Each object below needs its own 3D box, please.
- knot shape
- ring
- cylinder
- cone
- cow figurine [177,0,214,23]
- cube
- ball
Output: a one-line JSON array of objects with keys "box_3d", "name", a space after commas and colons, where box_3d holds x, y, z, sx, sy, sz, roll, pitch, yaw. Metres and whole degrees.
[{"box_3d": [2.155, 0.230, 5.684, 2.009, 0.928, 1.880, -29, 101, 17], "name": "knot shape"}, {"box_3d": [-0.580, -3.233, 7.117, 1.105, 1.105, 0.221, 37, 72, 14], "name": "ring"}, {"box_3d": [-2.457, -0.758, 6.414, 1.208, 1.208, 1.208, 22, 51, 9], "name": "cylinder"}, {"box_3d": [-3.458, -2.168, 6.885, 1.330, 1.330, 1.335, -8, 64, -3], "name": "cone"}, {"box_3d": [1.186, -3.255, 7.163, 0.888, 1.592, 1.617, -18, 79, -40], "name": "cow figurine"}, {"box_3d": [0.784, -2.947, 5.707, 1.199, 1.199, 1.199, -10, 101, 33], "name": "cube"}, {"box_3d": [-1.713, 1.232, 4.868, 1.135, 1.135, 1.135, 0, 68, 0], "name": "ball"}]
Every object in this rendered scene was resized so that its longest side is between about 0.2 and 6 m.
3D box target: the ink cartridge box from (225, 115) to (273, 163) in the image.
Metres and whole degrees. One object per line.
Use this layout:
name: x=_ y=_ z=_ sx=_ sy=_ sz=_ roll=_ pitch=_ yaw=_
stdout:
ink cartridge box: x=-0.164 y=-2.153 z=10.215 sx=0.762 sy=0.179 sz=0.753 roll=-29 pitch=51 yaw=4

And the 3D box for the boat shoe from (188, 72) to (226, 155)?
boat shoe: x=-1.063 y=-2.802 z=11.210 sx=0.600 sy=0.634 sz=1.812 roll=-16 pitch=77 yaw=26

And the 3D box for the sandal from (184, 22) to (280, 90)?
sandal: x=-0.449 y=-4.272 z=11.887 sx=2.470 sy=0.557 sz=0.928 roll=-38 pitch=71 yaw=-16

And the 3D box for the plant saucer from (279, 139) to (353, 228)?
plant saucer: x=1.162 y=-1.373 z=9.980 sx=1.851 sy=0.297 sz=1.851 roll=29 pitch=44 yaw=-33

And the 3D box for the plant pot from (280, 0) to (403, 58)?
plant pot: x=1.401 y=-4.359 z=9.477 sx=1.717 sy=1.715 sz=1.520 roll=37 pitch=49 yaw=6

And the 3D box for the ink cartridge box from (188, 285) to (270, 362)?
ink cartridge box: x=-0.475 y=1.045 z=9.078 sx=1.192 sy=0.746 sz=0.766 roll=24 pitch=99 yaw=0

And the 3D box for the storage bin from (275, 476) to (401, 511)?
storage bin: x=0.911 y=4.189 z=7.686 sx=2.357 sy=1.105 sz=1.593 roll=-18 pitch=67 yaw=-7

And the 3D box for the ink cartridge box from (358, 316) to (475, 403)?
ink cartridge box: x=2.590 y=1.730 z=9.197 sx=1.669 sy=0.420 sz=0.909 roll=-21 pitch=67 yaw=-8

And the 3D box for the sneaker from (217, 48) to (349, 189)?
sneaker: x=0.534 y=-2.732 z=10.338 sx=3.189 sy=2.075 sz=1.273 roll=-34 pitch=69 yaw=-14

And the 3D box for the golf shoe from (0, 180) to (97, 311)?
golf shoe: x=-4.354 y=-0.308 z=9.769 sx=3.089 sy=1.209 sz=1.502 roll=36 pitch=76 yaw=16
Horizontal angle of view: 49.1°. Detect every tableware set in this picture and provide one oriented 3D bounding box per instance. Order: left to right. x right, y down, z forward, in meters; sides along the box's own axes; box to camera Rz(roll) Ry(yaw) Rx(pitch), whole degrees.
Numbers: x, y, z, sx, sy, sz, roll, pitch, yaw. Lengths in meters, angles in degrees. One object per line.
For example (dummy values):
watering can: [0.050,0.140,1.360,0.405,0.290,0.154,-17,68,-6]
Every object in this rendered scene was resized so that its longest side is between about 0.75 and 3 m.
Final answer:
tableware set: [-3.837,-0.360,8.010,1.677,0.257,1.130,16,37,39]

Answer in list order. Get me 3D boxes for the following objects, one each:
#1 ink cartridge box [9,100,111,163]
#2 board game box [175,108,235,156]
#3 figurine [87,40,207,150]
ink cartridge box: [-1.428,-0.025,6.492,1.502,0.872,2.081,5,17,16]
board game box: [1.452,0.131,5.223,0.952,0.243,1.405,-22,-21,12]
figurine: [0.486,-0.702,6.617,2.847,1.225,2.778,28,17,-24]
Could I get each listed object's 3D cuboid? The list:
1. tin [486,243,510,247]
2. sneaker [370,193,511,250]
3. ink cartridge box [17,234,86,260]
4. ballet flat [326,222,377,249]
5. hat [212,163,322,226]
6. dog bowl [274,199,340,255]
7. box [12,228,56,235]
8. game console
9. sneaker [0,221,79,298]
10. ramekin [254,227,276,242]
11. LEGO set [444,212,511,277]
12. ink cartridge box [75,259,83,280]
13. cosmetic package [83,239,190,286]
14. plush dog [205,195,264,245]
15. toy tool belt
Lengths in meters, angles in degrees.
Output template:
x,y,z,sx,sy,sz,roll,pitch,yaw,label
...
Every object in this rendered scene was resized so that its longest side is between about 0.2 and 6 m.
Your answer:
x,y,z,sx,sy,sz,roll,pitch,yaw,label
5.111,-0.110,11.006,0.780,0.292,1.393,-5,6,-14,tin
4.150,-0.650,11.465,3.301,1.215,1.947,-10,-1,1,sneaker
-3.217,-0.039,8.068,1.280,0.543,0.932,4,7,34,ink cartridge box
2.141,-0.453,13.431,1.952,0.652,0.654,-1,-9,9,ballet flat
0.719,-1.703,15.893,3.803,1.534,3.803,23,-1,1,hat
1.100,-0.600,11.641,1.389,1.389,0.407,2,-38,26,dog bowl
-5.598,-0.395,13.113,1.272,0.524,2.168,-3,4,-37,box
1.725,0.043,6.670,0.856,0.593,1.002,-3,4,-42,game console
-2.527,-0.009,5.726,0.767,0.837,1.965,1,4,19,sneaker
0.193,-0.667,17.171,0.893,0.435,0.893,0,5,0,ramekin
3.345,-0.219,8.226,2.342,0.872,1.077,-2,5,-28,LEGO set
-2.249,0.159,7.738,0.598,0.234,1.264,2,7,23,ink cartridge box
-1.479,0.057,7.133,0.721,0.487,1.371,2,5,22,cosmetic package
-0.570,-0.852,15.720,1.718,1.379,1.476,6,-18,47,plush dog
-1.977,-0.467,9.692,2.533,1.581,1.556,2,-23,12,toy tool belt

_ _ _ _ _ _ _

> **WHAT IS EXPECTED**: Extract the complete listing verbatim.

> **EXERCISE RESULT**:
Each object below needs its own 3D box, please.
- knot shape
- ring
- cylinder
- cone
- cow figurine [177,0,214,23]
- cube
- ball
Output: a one-line JSON array of objects with keys "box_3d", "name", a space after commas and colons, where box_3d holds x, y, z, sx, sy, sz, roll, pitch, yaw. Metres and whole degrees.
[{"box_3d": [2.155, 0.230, 5.684, 2.009, 0.928, 1.880, -29, 101, 17], "name": "knot shape"}, {"box_3d": [-0.580, -3.233, 7.117, 1.105, 1.105, 0.221, 37, 72, 14], "name": "ring"}, {"box_3d": [-2.457, -0.758, 6.414, 1.208, 1.208, 1.208, 22, 51, 9], "name": "cylinder"}, {"box_3d": [-3.458, -2.168, 6.885, 1.330, 1.330, 1.335, -8, 64, -3], "name": "cone"}, {"box_3d": [1.186, -3.255, 7.163, 0.888, 1.592, 1.617, -18, 79, -40], "name": "cow figurine"}, {"box_3d": [0.784, -2.947, 5.707, 1.199, 1.199, 1.199, -10, 101, 33], "name": "cube"}, {"box_3d": [-1.713, 1.232, 4.868, 1.135, 1.135, 1.135, 0, 68, 0], "name": "ball"}]
Every object in this rendered scene was resized so that its longest side is between about 0.2 and 6 m.
3D box target: the ink cartridge box from (225, 115) to (273, 163) in the image.
Metres and whole degrees. One object per line.
Use this layout:
name: x=_ y=_ z=_ sx=_ sy=_ sz=_ roll=_ pitch=_ yaw=_
stdout:
ink cartridge box: x=-0.164 y=-2.153 z=10.215 sx=0.762 sy=0.179 sz=0.753 roll=-29 pitch=51 yaw=4

And the 3D box for the boat shoe from (188, 72) to (226, 155)?
boat shoe: x=-1.063 y=-2.802 z=11.210 sx=0.600 sy=0.634 sz=1.812 roll=-16 pitch=77 yaw=26

And the 3D box for the sandal from (184, 22) to (280, 90)?
sandal: x=-0.449 y=-4.272 z=11.887 sx=2.470 sy=0.557 sz=0.928 roll=-38 pitch=71 yaw=-16

And the 3D box for the plant saucer from (279, 139) to (353, 228)?
plant saucer: x=1.162 y=-1.373 z=9.980 sx=1.851 sy=0.297 sz=1.851 roll=29 pitch=44 yaw=-33

And the 3D box for the plant pot from (280, 0) to (403, 58)?
plant pot: x=1.401 y=-4.359 z=9.477 sx=1.717 sy=1.715 sz=1.520 roll=37 pitch=49 yaw=6

And the 3D box for the ink cartridge box from (188, 285) to (270, 362)?
ink cartridge box: x=-0.475 y=1.045 z=9.078 sx=1.192 sy=0.746 sz=0.766 roll=24 pitch=99 yaw=0

And the 3D box for the storage bin from (275, 476) to (401, 511)?
storage bin: x=0.911 y=4.189 z=7.686 sx=2.357 sy=1.105 sz=1.593 roll=-18 pitch=67 yaw=-7

And the 3D box for the ink cartridge box from (358, 316) to (475, 403)?
ink cartridge box: x=2.590 y=1.730 z=9.197 sx=1.669 sy=0.420 sz=0.909 roll=-21 pitch=67 yaw=-8

And the 3D box for the sneaker from (217, 48) to (349, 189)?
sneaker: x=0.534 y=-2.732 z=10.338 sx=3.189 sy=2.075 sz=1.273 roll=-34 pitch=69 yaw=-14

And the 3D box for the golf shoe from (0, 180) to (97, 311)?
golf shoe: x=-4.354 y=-0.308 z=9.769 sx=3.089 sy=1.209 sz=1.502 roll=36 pitch=76 yaw=16
Horizontal angle of view: 49.1°. Detect every tableware set in this picture and provide one oriented 3D bounding box per instance. Order: left to right. x right, y down, z forward, in meters; sides along the box's own axes; box to camera Rz(roll) Ry(yaw) Rx(pitch), whole degrees.
Numbers: x, y, z, sx, sy, sz, roll, pitch, yaw. Lengths in meters, angles in degrees. One object per line.
For example (dummy values):
watering can: [0.050,0.140,1.360,0.405,0.290,0.154,-17,68,-6]
Every object in this rendered scene was resized so that its longest side is between about 0.75 and 3 m.
Final answer:
tableware set: [-3.837,-0.360,8.010,1.677,0.257,1.130,16,37,39]

Answer in list order. Get me 3D boxes for the following objects, one each:
#1 ink cartridge box [9,100,111,163]
#2 board game box [175,108,235,156]
#3 figurine [87,40,207,150]
ink cartridge box: [-1.428,-0.025,6.492,1.502,0.872,2.081,5,17,16]
board game box: [1.452,0.131,5.223,0.952,0.243,1.405,-22,-21,12]
figurine: [0.486,-0.702,6.617,2.847,1.225,2.778,28,17,-24]
Could I get each listed object's 3D cuboid? The list:
1. tin [486,243,510,247]
2. sneaker [370,193,511,250]
3. ink cartridge box [17,234,86,260]
4. ballet flat [326,222,377,249]
5. hat [212,163,322,226]
6. dog bowl [274,199,340,255]
7. box [12,228,56,235]
8. game console
9. sneaker [0,221,79,298]
10. ramekin [254,227,276,242]
11. LEGO set [444,212,511,277]
12. ink cartridge box [75,259,83,280]
13. cosmetic package [83,239,190,286]
14. plush dog [205,195,264,245]
15. toy tool belt
Lengths in meters, angles in degrees.
Output template:
x,y,z,sx,sy,sz,roll,pitch,yaw,label
...
Every object in this rendered scene was resized so that its longest side is between about 0.2 and 6 m.
Your answer:
x,y,z,sx,sy,sz,roll,pitch,yaw,label
5.111,-0.110,11.006,0.780,0.292,1.393,-5,6,-14,tin
4.150,-0.650,11.465,3.301,1.215,1.947,-10,-1,1,sneaker
-3.217,-0.039,8.068,1.280,0.543,0.932,4,7,34,ink cartridge box
2.141,-0.453,13.431,1.952,0.652,0.654,-1,-9,9,ballet flat
0.719,-1.703,15.893,3.803,1.534,3.803,23,-1,1,hat
1.100,-0.600,11.641,1.389,1.389,0.407,2,-38,26,dog bowl
-5.598,-0.395,13.113,1.272,0.524,2.168,-3,4,-37,box
1.725,0.043,6.670,0.856,0.593,1.002,-3,4,-42,game console
-2.527,-0.009,5.726,0.767,0.837,1.965,1,4,19,sneaker
0.193,-0.667,17.171,0.893,0.435,0.893,0,5,0,ramekin
3.345,-0.219,8.226,2.342,0.872,1.077,-2,5,-28,LEGO set
-2.249,0.159,7.738,0.598,0.234,1.264,2,7,23,ink cartridge box
-1.479,0.057,7.133,0.721,0.487,1.371,2,5,22,cosmetic package
-0.570,-0.852,15.720,1.718,1.379,1.476,6,-18,47,plush dog
-1.977,-0.467,9.692,2.533,1.581,1.556,2,-23,12,toy tool belt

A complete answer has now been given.